* [Your task]
When you reach the line containing "11. sneaker (360,377,401,453)" in the entries below, start writing out each line exactly, and stop after the line containing "18. sneaker (326,185,365,256)".

* [The data]
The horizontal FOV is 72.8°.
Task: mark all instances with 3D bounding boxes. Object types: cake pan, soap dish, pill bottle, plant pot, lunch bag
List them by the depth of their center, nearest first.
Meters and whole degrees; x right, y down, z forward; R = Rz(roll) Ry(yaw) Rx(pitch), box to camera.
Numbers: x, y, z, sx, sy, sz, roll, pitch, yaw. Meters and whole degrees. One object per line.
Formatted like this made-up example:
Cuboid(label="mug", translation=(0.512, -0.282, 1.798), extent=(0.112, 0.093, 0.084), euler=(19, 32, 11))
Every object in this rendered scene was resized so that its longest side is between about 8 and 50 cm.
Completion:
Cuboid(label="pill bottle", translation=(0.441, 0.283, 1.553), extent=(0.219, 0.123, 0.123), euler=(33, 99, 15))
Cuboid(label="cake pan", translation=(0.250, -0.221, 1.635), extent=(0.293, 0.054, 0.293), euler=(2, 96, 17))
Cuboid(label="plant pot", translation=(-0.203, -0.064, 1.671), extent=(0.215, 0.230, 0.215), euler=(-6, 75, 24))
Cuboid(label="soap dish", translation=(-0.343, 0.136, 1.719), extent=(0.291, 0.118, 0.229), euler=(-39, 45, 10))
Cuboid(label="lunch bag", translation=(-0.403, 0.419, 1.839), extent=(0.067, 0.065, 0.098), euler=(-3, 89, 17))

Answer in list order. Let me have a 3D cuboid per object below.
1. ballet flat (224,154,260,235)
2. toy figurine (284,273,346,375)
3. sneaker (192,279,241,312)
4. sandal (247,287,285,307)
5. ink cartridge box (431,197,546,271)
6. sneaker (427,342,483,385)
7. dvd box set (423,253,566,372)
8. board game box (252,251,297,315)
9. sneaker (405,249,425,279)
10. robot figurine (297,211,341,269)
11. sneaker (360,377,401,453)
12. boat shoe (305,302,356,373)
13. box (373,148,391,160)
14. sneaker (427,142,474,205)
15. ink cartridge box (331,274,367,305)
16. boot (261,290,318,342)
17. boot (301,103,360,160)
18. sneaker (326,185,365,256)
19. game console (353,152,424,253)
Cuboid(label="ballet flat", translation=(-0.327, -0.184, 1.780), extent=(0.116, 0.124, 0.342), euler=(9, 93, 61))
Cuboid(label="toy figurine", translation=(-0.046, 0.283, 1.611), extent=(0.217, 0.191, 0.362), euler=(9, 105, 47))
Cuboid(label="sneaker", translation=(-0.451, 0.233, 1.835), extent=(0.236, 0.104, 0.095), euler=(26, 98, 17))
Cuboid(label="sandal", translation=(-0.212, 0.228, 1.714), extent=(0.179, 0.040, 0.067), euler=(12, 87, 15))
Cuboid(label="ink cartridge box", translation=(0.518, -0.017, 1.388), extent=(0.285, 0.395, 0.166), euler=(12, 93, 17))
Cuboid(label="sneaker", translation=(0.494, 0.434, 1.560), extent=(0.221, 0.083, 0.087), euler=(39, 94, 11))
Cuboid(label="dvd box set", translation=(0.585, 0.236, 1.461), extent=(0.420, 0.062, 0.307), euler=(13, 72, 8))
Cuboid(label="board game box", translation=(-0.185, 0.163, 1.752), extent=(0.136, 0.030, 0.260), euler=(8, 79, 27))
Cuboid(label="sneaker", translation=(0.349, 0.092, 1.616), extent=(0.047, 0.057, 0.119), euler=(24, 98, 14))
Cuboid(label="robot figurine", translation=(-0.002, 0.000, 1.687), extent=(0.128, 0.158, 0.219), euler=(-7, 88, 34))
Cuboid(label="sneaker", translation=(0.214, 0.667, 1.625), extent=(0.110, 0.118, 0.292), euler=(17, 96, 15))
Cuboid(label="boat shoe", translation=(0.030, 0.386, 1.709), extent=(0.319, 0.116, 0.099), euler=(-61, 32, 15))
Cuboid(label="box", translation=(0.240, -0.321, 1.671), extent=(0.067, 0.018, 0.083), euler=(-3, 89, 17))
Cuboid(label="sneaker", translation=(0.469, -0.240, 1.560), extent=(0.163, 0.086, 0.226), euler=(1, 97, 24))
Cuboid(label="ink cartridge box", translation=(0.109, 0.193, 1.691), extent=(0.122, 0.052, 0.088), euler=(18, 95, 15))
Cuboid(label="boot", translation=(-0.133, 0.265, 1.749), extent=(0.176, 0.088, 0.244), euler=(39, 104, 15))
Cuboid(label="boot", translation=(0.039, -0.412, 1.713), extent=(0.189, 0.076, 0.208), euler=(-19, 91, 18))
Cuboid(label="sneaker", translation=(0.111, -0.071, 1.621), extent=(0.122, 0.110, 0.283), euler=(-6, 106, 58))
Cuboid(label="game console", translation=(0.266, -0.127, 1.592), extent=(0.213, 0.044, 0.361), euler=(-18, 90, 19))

* [Your solution]
11. sneaker (360,377,401,453)
12. boat shoe (305,302,356,373)
13. box (373,148,391,160)
14. sneaker (427,142,474,205)
15. ink cartridge box (331,274,367,305)
16. boot (261,290,318,342)
17. boot (301,103,360,160)
18. sneaker (326,185,365,256)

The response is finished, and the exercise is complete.